Unfortunately, he continued, there is no expectation or requirement that hospitals and clinicians be candid with patients about the downside risks and costs of procedures, or whether there are cheaper options.
Krumholz gave an example: Researchers looked at patients who had signed informed consent forms before undergoing elective percutaneous coronary intervention and found that "about 75% believed that PCI would prevent a future heart attack and 71% thought it would prolong their life, even though there was no evidence that either was true."
"We have people undergoing procedures under assumptions of benefit that do not exist," Krumholz said.
He appeared to be preaching to the choir. The fledgling Lown Institute is a Boston-based organization founded by Bernard Lown, MD, the cardiologist who developed the direct current defibrillator, but who now questions the necessity for some 50% of interventional cardiology procedures and many other medical interventions.
The institute's unofficial motto: "Do as much as possible FOR the patient and as little as possible TO the patient."
The three-day conference hosted only about 300 attendees, but featured some big names in the informed patient movement, including: Diane E. Meier, MD, Director, Center to Advance Palliative Care Professor of Geriatrics and Palliative Medicine at Mount Sinai in New York; Michael Fine, MD, Director, Rhode Island Department of Health; and Steven Nissen, MD, Department Chair, Cleveland Clinic Cardiovascular Medicine.
Patients need to know not just about the risks and benefits of the drugs and procedures their doctors recommend, but about their options, Krumholz insisted. He suggested that every informed consent document should include these five questions:
- What are the options? Many patients don't know there are reasonable alternatives to the path they're on.
- Who is going to do the procedure and how good are they?
- What are the provider's stats?
- Am I in the right place to have this done? Do you do two of these a year or 2,000?
- What is the out-of-pocket cost?
"I've found that people are often surprised at how much they have to pay out of pocket, and only discover this afterwards," he said. If they were informed that benefits and risks of several options are similar, but one procedure costs a lot more money, "they might do the thing that costs less money because they're having trouble paying the rent or putting food on the table."

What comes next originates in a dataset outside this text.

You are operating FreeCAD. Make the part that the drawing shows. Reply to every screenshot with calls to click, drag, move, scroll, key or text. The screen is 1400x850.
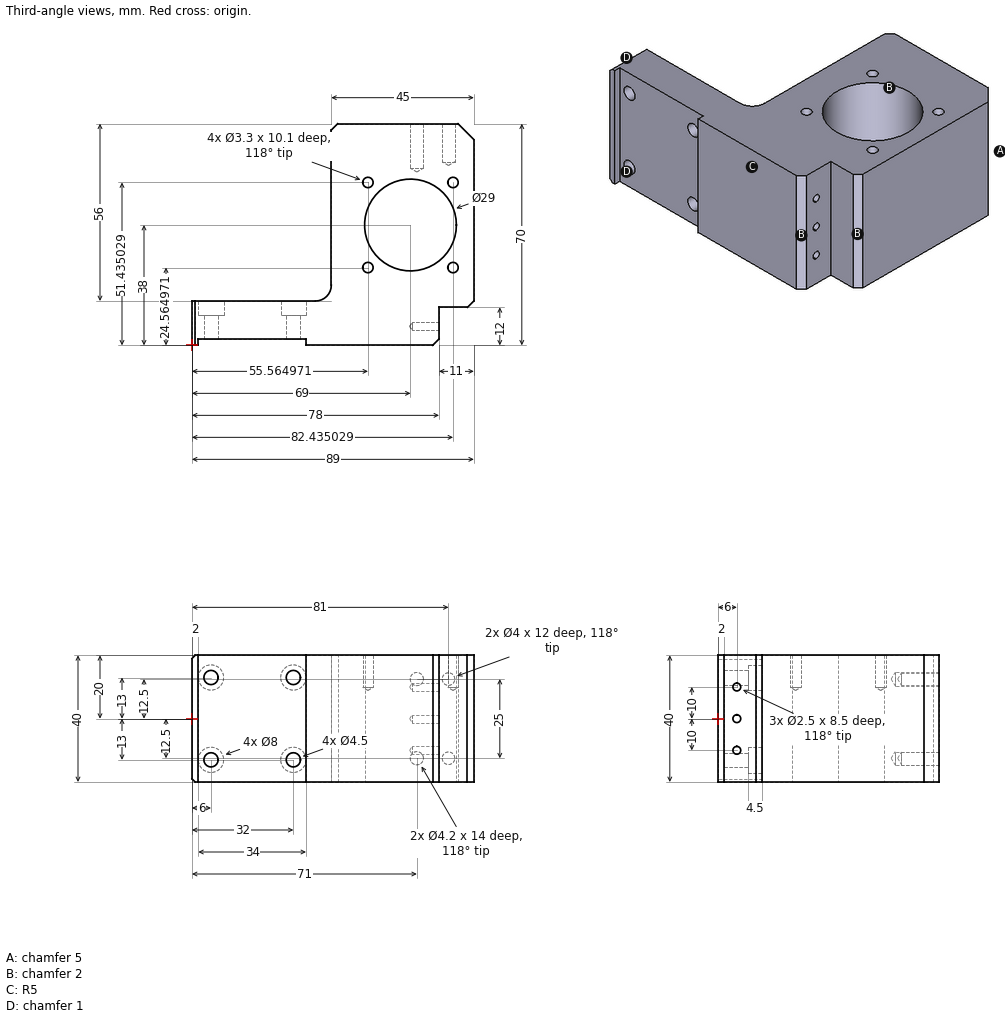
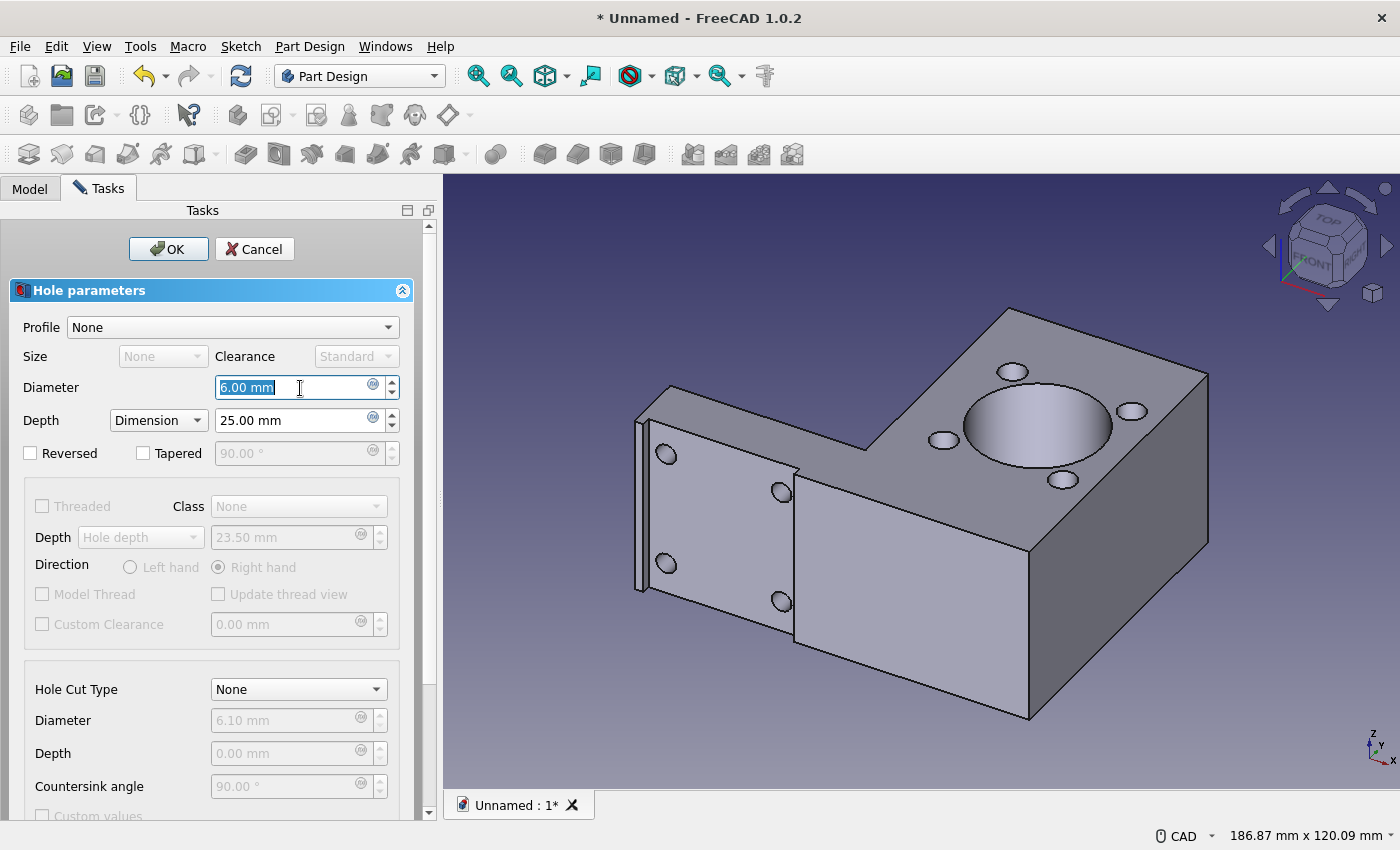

And when patient consent forms are pushed in front of the patient, there's often another indignity, he continued. "These discussions are taking place with people lying horizontal, and sometimes sedated… If we're going to give some official blessing to this decision, to an informed consent, we should respect it and say it should occur at a comfortable time period before they're rolled in for the procedure."
Krumholz detailed other strategies to help resolve problems in the way clinicians practice today. One problem is the failure of doctors to explain the benefit of an intervention in terms patients understand.
For example one way of explaining how likely an anticoagulant like the drug warfarin will reduce a patient's chance of having a stroke is to say that the drug carries a 2% benefit.
A better way of explaining it to patients, he said, is to cite the chance of achieving the same result without the drug. In the case of warfarin, "98% will get the same result no matter whether they take the drug or not, and that starts to put it into a different light."
Another idea is for doctors to create a list or a network of fellow clinicians around the country "who have signed on to this way of thinking—people who believe in the same kinds of things that permeate this conference."
"It's not about withholding care, and not about doing less or keeping costs down. It's about finding the right thing for… [the patient]; about the informed patient getting an informed choice based on the right information."
Lastly, Krumholz said, he's working on a project that would enable patients to "own, possess and share their own records, so they can get second opinions and can easily move their health information in ways that don't trap them within the place they happen to be" when they need to make a decision about their medical care.